About Nineteenth-Century Scrapbooks and the Prudence Person Scrapbook
The Prudence Person Scrapbook Project was inspired by the work of Ellen Gruber Garvey, whose Writing with Scissors: American Scrapbooks from the Civil War to the Harlem Renaissance highlights a long-standing tradition of scrapbook-making among American readers. These scrapbooks, Garvey argues, offer a record of the concerns of average Americans who may not have left written records behind. Scrapbooks are often also the only sites where the publications of disenfranchised communities were preserved and cherished.
The University of North Carolina Libraries contain a number of scrapbooks created by North Carolinians from the nineteenth and twentieth centuries. Among these is the scrapbook created by Prudence Person (1848-1922), a resident of Louisburg, North Carolina. Prudence Person was probably born in Sandy Creek, North Carolina; she moved with her family to Louisburg when her father bought a house there in 1858. As a teenager she attended Louisburg Female Seminary, located next door to the Person family home. (The Person home has been preserved through the efforts of the Person Place Preservation Society.) At the age of 41 Prudence married Willie Mangum Person; she and her husband lived in the Person home together. When Prudence's mother Abiah died in 1892 Prudence became the head of the household until her own death in 1922. For more information about the Person family and the Person home, see this page.

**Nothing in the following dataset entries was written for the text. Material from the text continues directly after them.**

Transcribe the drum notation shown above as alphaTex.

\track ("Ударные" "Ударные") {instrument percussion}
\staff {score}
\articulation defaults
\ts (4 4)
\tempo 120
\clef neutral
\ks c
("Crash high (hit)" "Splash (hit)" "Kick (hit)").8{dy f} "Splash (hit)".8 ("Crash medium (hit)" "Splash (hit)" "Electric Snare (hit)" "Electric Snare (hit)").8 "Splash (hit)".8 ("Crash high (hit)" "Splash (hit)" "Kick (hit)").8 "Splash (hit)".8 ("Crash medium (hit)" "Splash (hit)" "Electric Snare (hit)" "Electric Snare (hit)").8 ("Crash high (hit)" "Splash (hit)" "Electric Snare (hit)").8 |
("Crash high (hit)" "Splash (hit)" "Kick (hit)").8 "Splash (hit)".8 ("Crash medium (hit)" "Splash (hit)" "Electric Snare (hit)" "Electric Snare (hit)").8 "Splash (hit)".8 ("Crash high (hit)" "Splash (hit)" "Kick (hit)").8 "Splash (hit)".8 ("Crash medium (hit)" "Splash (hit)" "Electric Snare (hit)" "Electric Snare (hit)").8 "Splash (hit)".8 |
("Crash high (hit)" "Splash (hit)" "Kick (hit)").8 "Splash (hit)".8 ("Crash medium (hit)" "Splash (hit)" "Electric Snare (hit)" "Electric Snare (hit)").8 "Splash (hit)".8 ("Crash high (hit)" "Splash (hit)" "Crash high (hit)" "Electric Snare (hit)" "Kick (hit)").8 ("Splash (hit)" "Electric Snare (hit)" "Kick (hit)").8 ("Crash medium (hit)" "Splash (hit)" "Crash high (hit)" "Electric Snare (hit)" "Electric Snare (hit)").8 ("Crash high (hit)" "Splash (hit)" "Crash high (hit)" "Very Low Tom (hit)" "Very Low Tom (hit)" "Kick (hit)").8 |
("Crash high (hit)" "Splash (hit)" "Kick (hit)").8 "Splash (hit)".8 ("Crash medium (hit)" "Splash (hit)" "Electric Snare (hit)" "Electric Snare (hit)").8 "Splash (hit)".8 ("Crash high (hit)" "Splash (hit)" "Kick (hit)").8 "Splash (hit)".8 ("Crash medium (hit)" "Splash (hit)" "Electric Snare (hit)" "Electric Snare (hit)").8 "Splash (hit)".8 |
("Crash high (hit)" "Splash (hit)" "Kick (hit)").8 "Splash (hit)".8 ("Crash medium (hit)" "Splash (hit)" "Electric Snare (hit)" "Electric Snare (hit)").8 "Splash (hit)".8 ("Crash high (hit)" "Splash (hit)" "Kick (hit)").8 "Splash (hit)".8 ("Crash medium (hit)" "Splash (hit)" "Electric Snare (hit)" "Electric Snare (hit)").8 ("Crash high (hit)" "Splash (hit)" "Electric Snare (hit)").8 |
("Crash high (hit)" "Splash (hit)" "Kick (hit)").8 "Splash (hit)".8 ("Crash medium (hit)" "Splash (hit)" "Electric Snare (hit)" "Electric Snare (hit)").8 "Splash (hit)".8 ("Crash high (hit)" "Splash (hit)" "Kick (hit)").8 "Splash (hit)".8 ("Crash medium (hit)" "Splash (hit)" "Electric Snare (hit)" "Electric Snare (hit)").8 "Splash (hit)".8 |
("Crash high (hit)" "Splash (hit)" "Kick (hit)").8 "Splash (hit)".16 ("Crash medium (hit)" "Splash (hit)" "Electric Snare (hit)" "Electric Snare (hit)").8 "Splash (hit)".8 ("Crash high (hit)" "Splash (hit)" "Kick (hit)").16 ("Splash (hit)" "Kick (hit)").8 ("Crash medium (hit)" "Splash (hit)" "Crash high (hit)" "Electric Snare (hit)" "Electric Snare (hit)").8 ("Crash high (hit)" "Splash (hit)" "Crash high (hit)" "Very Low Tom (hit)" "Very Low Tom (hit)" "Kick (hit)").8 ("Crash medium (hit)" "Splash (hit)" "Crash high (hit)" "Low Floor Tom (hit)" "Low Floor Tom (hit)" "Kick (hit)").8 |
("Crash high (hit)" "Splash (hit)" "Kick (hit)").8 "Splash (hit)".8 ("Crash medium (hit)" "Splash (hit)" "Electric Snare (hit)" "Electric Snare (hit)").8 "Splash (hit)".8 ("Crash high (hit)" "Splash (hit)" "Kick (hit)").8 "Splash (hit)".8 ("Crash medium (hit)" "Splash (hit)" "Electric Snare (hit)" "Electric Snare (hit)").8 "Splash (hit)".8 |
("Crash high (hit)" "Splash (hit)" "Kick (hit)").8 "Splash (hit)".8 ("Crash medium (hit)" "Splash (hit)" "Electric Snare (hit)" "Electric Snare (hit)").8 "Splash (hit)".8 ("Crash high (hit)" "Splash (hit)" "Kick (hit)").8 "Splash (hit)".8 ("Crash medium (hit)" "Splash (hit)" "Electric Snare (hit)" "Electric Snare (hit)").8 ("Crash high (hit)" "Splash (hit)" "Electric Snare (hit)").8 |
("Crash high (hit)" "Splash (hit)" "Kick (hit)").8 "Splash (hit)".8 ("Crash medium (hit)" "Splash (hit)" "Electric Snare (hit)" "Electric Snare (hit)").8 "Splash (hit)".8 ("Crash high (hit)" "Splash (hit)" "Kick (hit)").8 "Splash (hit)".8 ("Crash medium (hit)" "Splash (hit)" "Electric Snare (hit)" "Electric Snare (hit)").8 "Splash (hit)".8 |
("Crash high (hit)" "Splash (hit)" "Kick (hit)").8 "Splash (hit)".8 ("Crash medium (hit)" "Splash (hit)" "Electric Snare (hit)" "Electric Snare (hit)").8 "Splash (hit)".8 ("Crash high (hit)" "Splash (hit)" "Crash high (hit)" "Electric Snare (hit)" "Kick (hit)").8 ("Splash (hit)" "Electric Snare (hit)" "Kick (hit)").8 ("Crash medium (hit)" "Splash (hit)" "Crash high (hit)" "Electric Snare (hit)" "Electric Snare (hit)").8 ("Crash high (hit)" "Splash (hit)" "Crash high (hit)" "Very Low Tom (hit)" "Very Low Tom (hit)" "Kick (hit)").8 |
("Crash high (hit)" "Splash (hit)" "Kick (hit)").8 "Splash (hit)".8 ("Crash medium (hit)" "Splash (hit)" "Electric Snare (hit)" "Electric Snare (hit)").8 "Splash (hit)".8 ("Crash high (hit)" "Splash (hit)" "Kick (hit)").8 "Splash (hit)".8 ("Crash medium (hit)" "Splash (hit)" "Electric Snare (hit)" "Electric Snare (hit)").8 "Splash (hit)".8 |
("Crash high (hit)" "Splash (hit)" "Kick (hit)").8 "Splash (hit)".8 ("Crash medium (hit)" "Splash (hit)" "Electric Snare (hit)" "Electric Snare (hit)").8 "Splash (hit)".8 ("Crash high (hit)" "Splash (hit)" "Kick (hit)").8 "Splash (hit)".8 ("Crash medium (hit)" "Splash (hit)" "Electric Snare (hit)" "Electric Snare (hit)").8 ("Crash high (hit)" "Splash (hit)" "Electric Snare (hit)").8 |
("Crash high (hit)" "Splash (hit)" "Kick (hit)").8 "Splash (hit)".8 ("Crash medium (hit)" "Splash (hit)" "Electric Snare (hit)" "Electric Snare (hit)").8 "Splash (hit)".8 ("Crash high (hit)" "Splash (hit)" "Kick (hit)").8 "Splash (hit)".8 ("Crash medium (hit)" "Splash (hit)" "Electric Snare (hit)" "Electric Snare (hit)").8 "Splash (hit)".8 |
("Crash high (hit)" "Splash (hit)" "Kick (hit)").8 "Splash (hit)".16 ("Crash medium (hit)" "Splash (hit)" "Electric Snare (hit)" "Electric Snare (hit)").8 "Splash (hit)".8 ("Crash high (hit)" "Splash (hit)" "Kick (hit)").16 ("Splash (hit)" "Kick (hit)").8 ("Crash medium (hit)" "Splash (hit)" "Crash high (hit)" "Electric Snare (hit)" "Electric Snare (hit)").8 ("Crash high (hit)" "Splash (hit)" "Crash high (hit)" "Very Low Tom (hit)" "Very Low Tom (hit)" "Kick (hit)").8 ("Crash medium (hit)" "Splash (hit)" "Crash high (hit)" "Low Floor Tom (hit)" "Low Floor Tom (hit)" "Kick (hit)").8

Person began her scrapbook sometime in the 1870s and continued adding to it until shortly before her death. It is one of the few artifacts she left behind. (Others include her handwritten will and her diploma from Louisburg Female Seminary, which can be viewed here.) The Presley Person Papers at Duke University contain extensive records left by members of the Person family, but Prudence does not seem to have been avid writer. She did, however, "write with scissors," as Garvey would say, and her scrapbook paints a vivid portrait of her interests and concerns. It contains clippings from local newspapers and national magazines as well as postcards and religious and floral illustrations. The content of the clippings ranges from sentimental poetry to life advice to home remedies to aphorisms to dialect jokes. Many of the articles and poems Prudence preserved were religious in nature, and many offered counsel on how to live a contented and meaningful life. The scrapbook also contains public accounts of events that were personal to Prudence, including a newspaper article about her graduation from the Louisburg Seminary and obituary notices for her family and friends.